Continue reading The Russian Ark Screenplay

Frantisek Vlacil at The Lincoln Center: The White Dove

By Joe Bendel. Like many contemporary Iranian filmmakers, the late great Franstišek Vláčil often focused on ostensibly apolitical subjects, like children and animals. Yet, as a filmmaker in the vanguard of the Czech New Wave, his work was still considered suspect by the Communist power structure. Though his career would be put on hold for six years following the 1968 Soviet invasion, the international acclaim greeting his 1960 feature film debut The White Dove promised great things at the time for the filmmaker, making it the perfect selection to launch Film Society of Lincoln Center’s Fantastic World of Franstišek Vláčil retrospective.

A group of doves is released in Belgium. On a small Baltic island, their handlers eagerly anticipate their return. However, young Susan’s bird has a late start due to a twinge of the wing. While detouring through Prague, the wheelchair-bound Miša’s pellet gun nearly proves fatal. Shamed by Martin, the artist in the next door apartment, he nurses the bird back to health, while Susan faithfully keeps watching the skies.

Franstišek Vláčil.

Dove is a deceptively simple story, involving several themes Vláčil would return to in later films, such as the bond between children and animals. Reportedly reluctant to overwhelm his youthful cast with extensive lines to memorize, Vláčil makes his points visually rather than verbally. Stark but sensitive, nearly every artful black-and-white frame lensed by cinematographer Jan Čuřík is suitable for framing. Indeed, it is an arresting film to behold, effectively contrasting the claustrophobic, urbanized Prague with the idyllic sun and sea of Susan’s Baltic isle. Adding further texture, composer Zdenek Liska’s spritely jazz interludes and more suggestive chamber music nicely underscore and reinforce the power of the film’s speechless moments.

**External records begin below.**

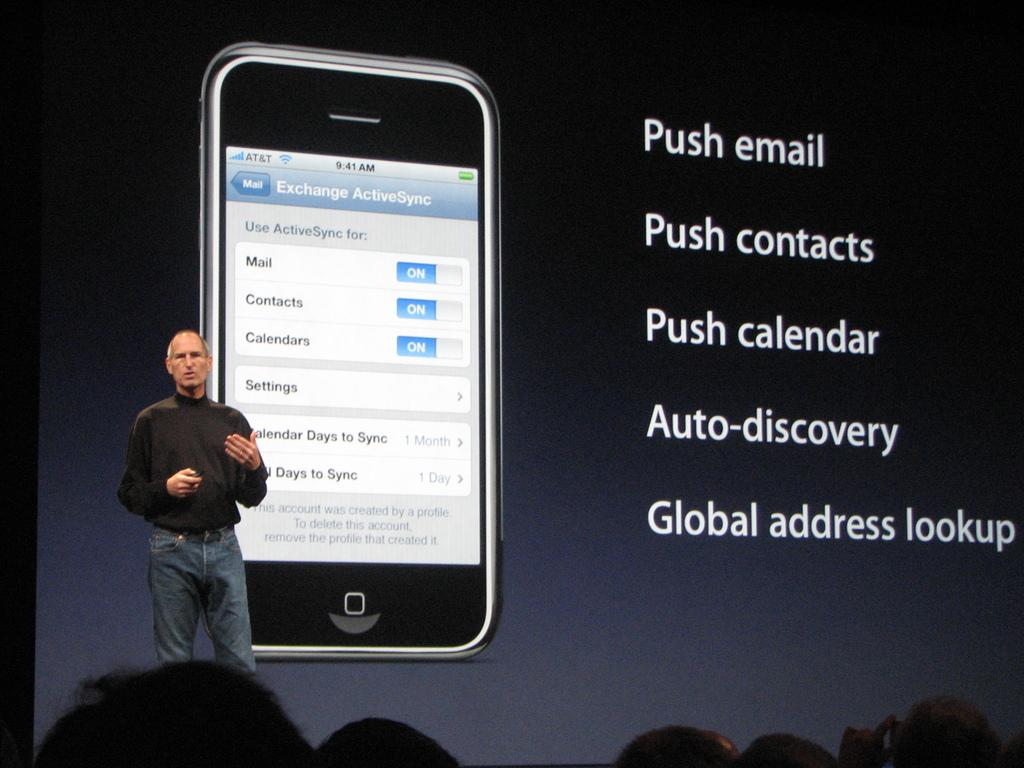<image>
Relay a brief, clear account of the picture shown. a man standing next to some words that say push email and push contacts 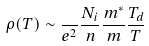Convert formula to latex. <formula><loc_0><loc_0><loc_500><loc_500>\rho ( T ) \sim \frac { } { e ^ { 2 } } \frac { N _ { i } } { n } \frac { m ^ { * } } { m } \frac { T _ { d } } { T }</formula> 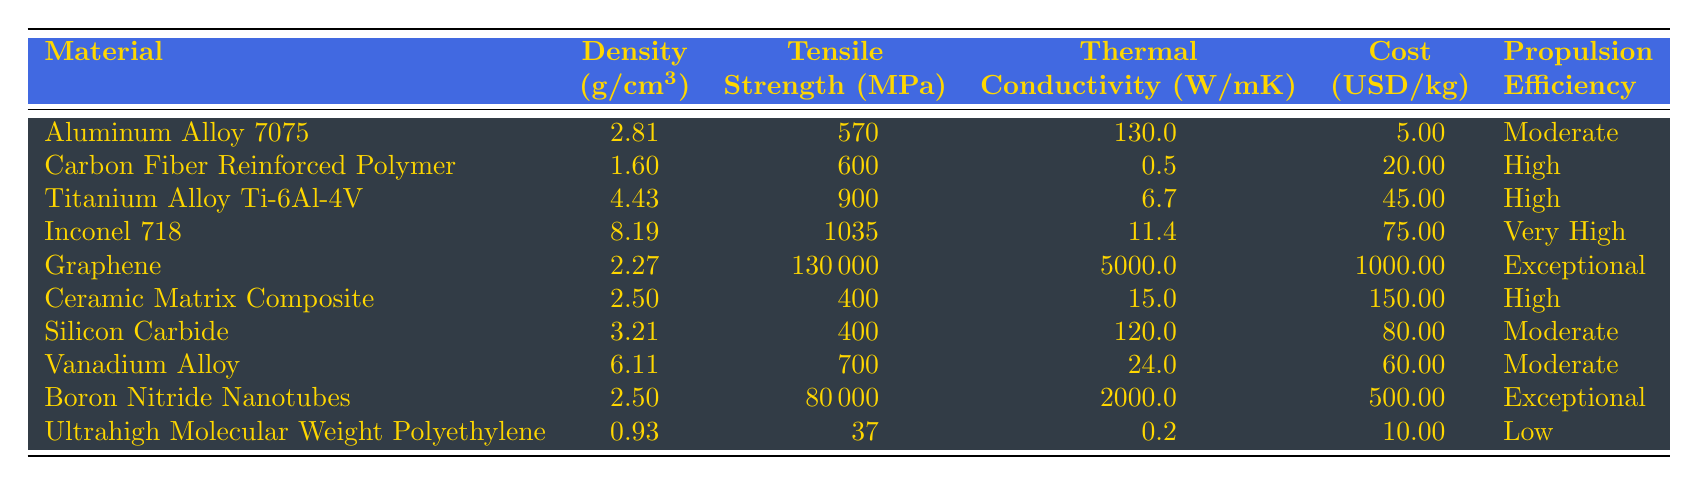What is the propulsion efficiency of Graphene? From the table, we can directly locate the row for Graphene, which states that its propulsion efficiency is "Exceptional."
Answer: Exceptional Which material has the highest tensile strength? Looking through the tensile strength values in the table, Graphene has a tensile strength of 130,000 MPa, which is higher than all the other materials listed.
Answer: Graphene What is the cost per kilogram of Inconel 718? The table provides the value directly next to Inconel 718, which is listed as $75.00 per kg.
Answer: 75.00 Are there any materials with low propulsion efficiency? Checking the propulsion efficiency column, we see that Ultrahigh Molecular Weight Polyethylene is listed with low propulsion efficiency. This indicates there is at least one material with low efficiency.
Answer: Yes Which material has the lowest density? By examining the density values, Ultrahigh Molecular Weight Polyethylene has the lowest density at 0.93 g/cm³, making it the lightest material on the list.
Answer: Ultrahigh Molecular Weight Polyethylene How much more expensive is Graphene than Aluminum Alloy 7075? Graphene costs $1000.00 per kg, while Aluminum Alloy 7075 costs $5.00 per kg. Calculating the difference gives us $1000.00 - $5.00 = $995.00.
Answer: 995.00 What is the average tensile strength of materials with high propulsion efficiency? The materials with high propulsion efficiency are CFRP, Titanium Alloy Ti-6Al-4V, Inconel 718, and Ceramic Matrix Composite. Their tensile strengths are 600, 900, 1035, and 400 MPa respectively. Summing them gives: 600 + 900 + 1035 + 400 = 2935 MPa. There are 4 materials, so the average is 2935 / 4 = 733.75 MPa.
Answer: 733.75 Which material with high propulsion efficiency has the lowest cost? The high propulsion efficiency materials are CFRP, Titanium Alloy Ti-6Al-4V, Inconel 718, and Ceramic Matrix Composite. Their costs are $20.00, $45.00, $75.00, and $150.00, respectively. Comparing these, CFRP has the lowest cost at $20.00 per kg.
Answer: CFRP Is the tensile strength of Silicon Carbide equal to that of Ceramic Matrix Composite? The table shows that Silicon Carbide has a tensile strength of 400 MPa and Ceramic Matrix Composite also has a tensile strength of 400 MPa. Therefore, they are equal.
Answer: Yes Which material has the highest thermal conductivity? From the table, Graphene has the highest thermal conductivity listed at 5000 W/mK, which is significantly higher than all the other materials.
Answer: Graphene How many materials listed have very high or exceptional propulsion efficiency? The materials with very high efficiency are Inconel 718 and the exceptional ones are Graphene and Boron Nitride Nanotubes. Thus, combining the two gives us a total of 3 materials.
Answer: 3

Vláčil elicits some natural yet restrained performances from Karel Smyczek and Katerina Irmanovová, as the dove’s two youthful caretakers. He also captures the artistic impulse better in Dove than nearly any other film, raptly observing as Martin creates a series of works inspired by Miša and the injured dove (which are credited to Czech artists Theodor Pištěk and Jan Kablasa).

At times, Dove seems to suggest deeper allegorical significance, but Vláčil judiciously keeps it all rather obscure—though perhaps not obscure enough, in retrospect. (Whenever you have a cat named Satan hunting a peaceful white dove, it could be rather awkward explaining what each represents to the occupying commissar .)

Many have likened Vláčil’s films to poetry. Indeed, like a good poem (at least by Poe’s standards) Dove is relatively short at seventy-five minutes. Though it memorably evokes a child’s perspective, it is unquestionably high art cinema, better suited to the discerning connoisseur. A major work from a filmmaker under-exposed on the American film scene during his own lifetime, Dove kicked-off the FSLC’s welcome reappraisal of Vláčil’s films yesterday at the Walter Reade Theater.

Posted on February 3rd, 2011 at 12:17pm.